An estimated $200 billion per year is required for a global transformation to deforestation-free agriculture.

 A statement made available to Daily Trust on behalf of 13 climate change NGOs by Susan Tonassi stated that forest and land-use could contribute 30% of the climate mitigation needed to achieve the goals of the Paris Agreement.

The climate change focus group worried that forests receive only a fraction -2% – of international development finance to mitigate climate change.

The statement noted that with the Tropical Forest Alliance 2020, approximately $50-100 billion annually could be invested in sustainable agricultural intensification, restoration of degraded lands and livestock management.

Countries also need support to strengthen their institutions, policies and forest governance.

“Over $777 billion has been spent on agriculture and land-intensive development since 2010, in the form of investments and subsidies from governments, the private sector and international donors.

 “This number dwarfs finance in support of forests: $2.7 billion investment in green commodities, or $8.1 billion in international public finance to support countries that seek to reduce tropical deforestation,” the statement reads in parts.

To stop the loss of forest protection has to be factored into agricultural, infrastructure, and other investments. Redirecting finance toward sustainable land use promotes healthier and more productive landscapes in producer countries while reducing deforestation.

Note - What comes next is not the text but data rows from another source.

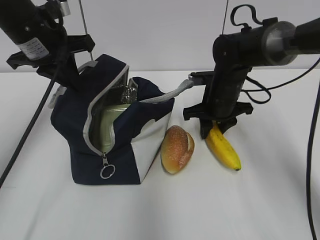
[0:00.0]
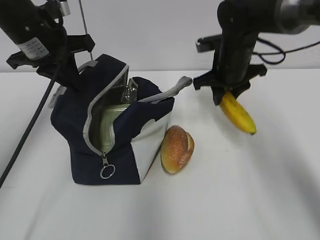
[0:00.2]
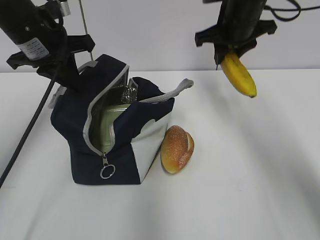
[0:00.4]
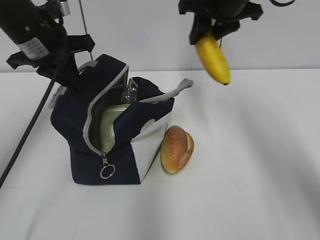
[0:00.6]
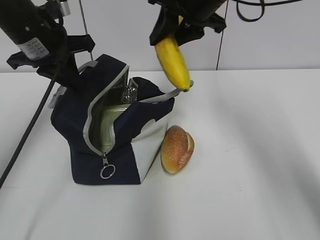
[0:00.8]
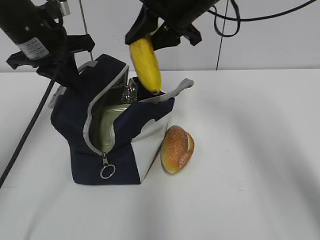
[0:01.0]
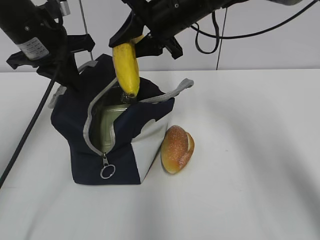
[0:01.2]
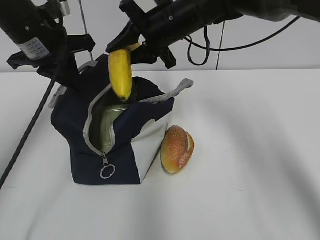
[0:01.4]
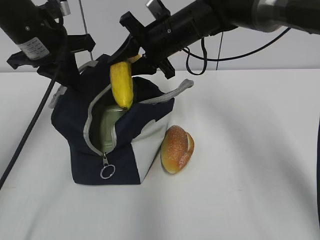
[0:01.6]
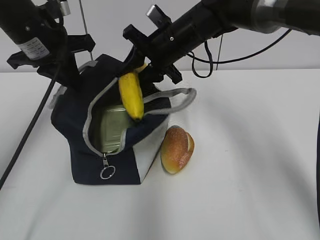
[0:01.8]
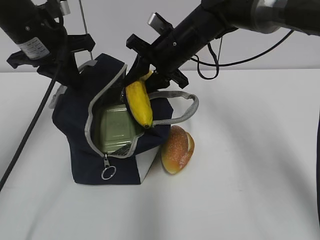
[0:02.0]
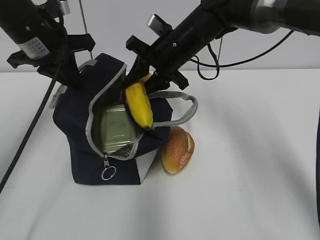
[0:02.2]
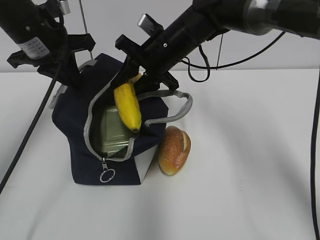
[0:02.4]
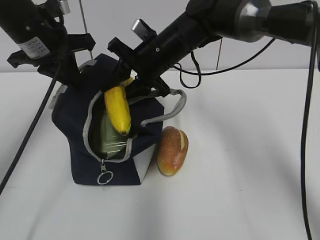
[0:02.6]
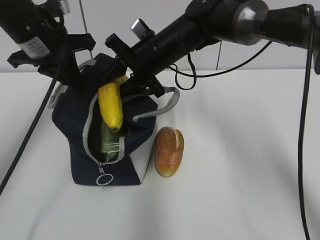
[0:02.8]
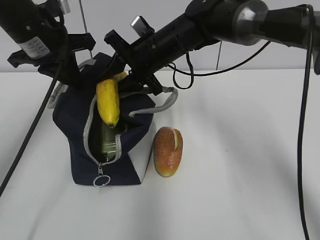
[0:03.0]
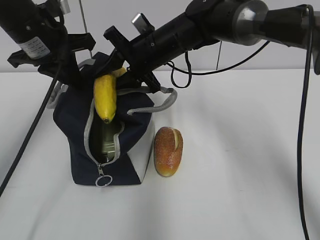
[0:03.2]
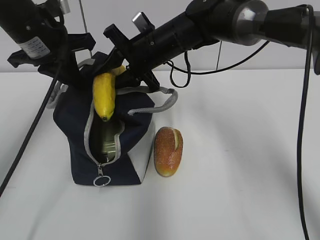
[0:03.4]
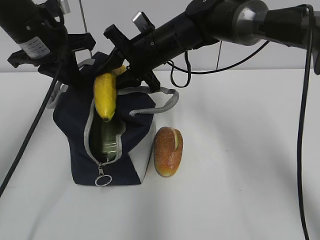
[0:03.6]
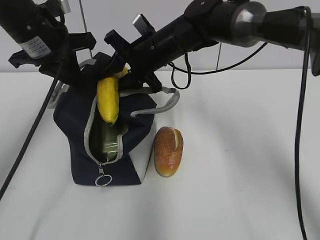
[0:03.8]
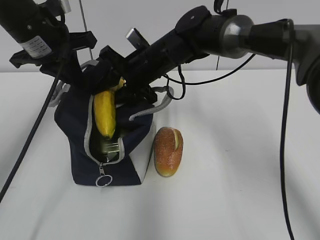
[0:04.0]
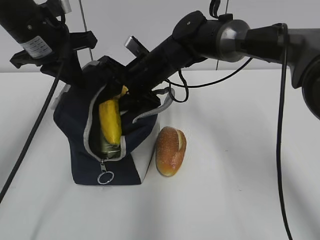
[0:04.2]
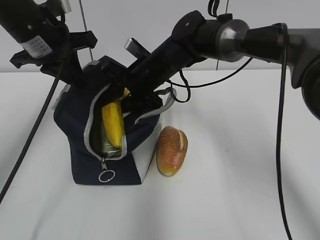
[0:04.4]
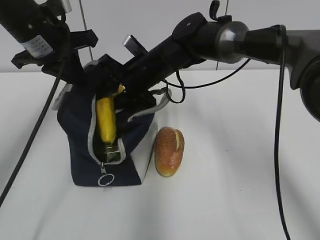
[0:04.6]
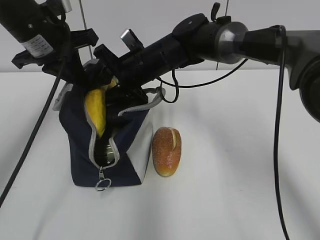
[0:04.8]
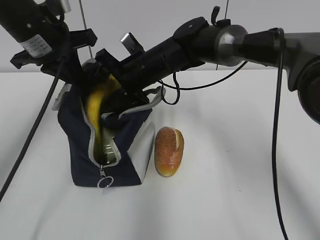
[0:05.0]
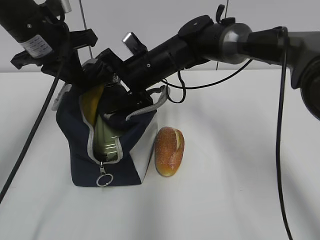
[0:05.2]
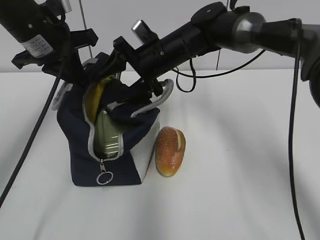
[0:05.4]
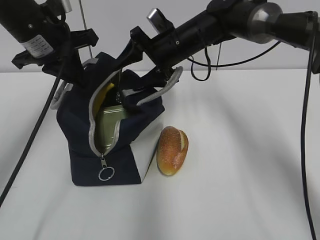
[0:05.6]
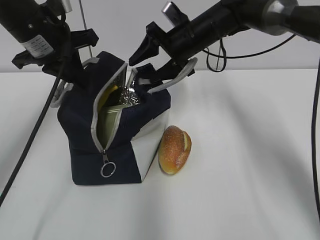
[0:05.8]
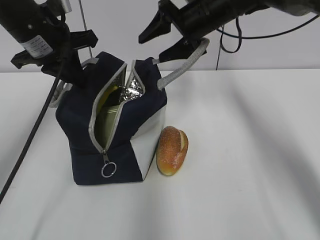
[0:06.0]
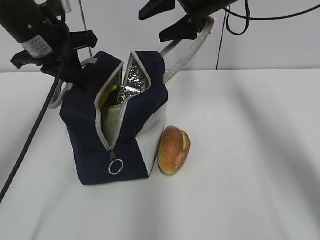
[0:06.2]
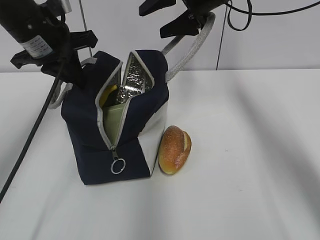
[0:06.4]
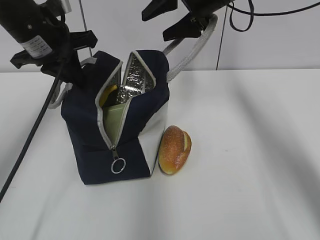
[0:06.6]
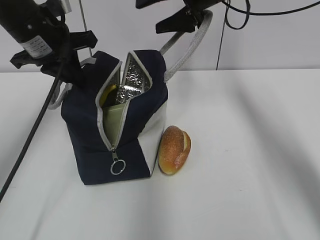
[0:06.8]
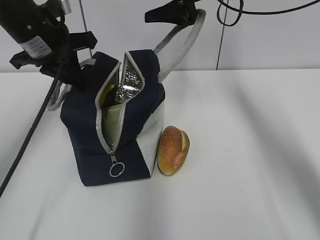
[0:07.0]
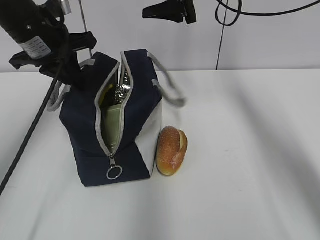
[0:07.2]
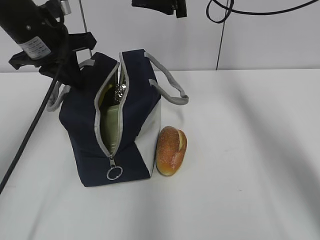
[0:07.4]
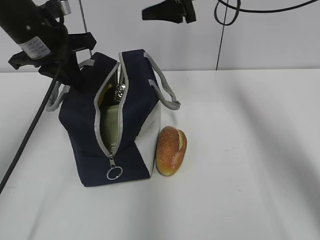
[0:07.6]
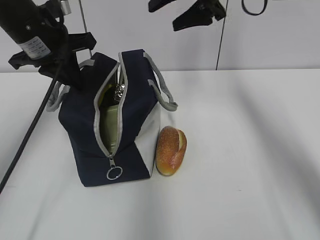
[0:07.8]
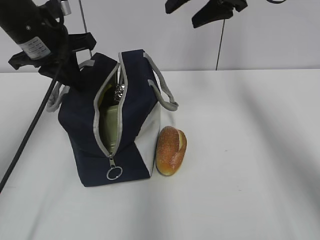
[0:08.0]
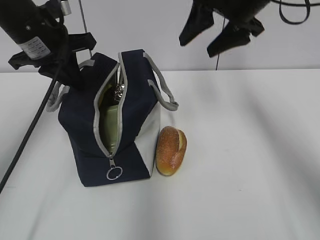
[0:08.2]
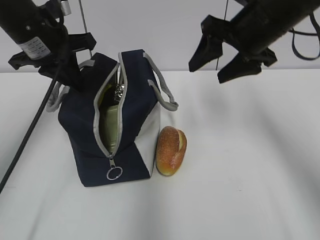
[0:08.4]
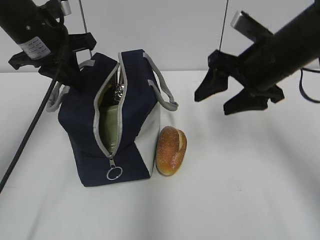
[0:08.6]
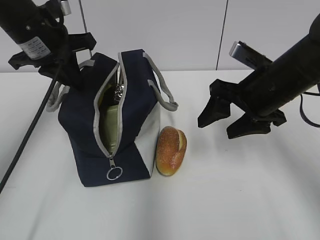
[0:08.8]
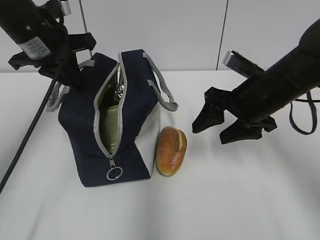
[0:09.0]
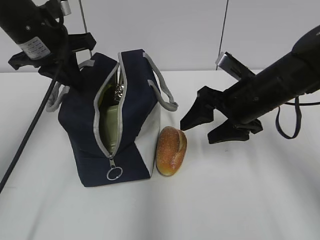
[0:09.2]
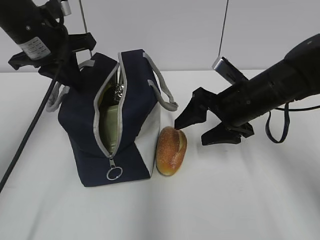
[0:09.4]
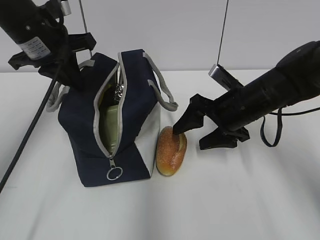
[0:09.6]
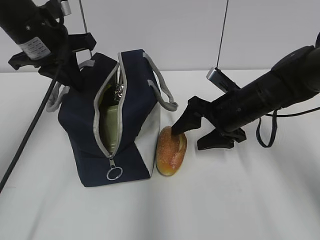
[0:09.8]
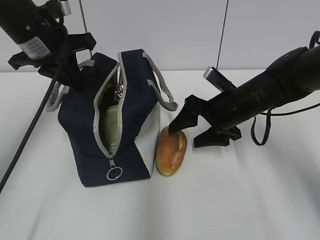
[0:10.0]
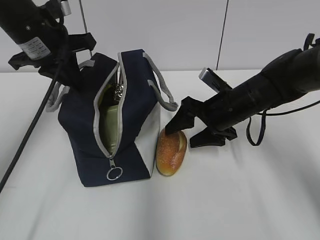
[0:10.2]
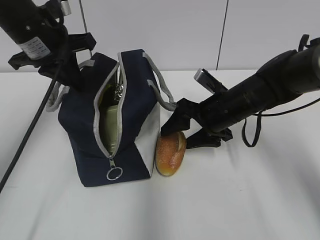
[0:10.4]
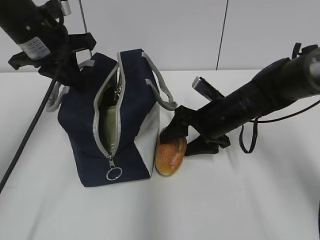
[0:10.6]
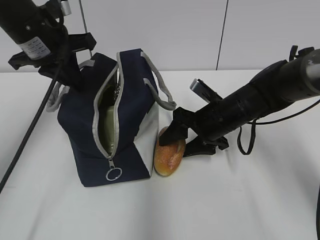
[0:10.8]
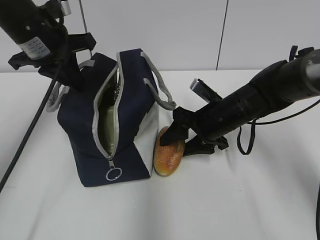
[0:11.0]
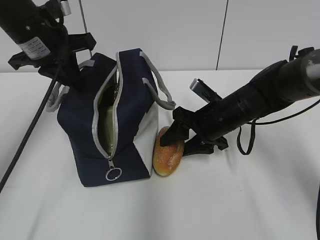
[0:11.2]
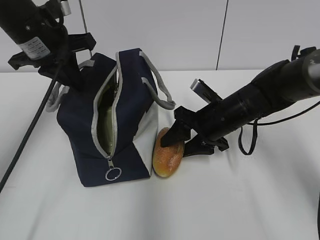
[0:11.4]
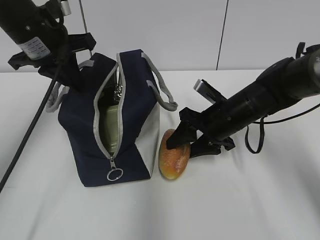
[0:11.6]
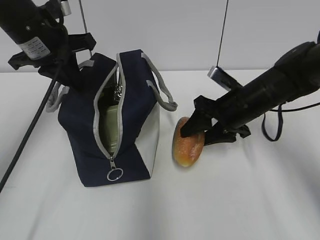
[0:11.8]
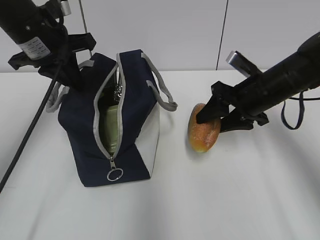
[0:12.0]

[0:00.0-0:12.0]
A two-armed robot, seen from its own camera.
Step, 0:00.0 to 0:05.0: Place it into the bag with your right hand.
Step, 0:05.4 to 0:11.2: Grab the bread with your right hand.
0:00.0 to 0:01.6: The right gripper is displaced upward and to the left by about 15 cm.
0:04.4 to 0:06.0: The right gripper goes approximately 15 cm to the right and upward, and opens.
0:06.0 to 0:07.6: The right gripper heads upward, covering roughly 5 cm.
0:07.6 to 0:09.0: The right gripper shifts roughly 20 cm backward, downward and to the right.
0:09.0 to 0:10.4: The right gripper heads downward, covering about 5 cm.
0:10.4 to 0:12.0: The right gripper shifts approximately 5 cm to the right.

The group advocated a public-private dialogue that helps to redirect subsidies and supports deforestation-free commodities could help deploy finance strategically with the goal of leveraging private investments.

It added that new financial instruments could help to support farmers, de-risk investments and promote integrated landscape investments that combine an increase in agricultural productivity with the protection of forests and other ecosystems.

The 13 Climate change NGOs include Climate Focus, Conservation International, Forest Trends, The Nature Conservancy and Stockholm Environment Institute among others.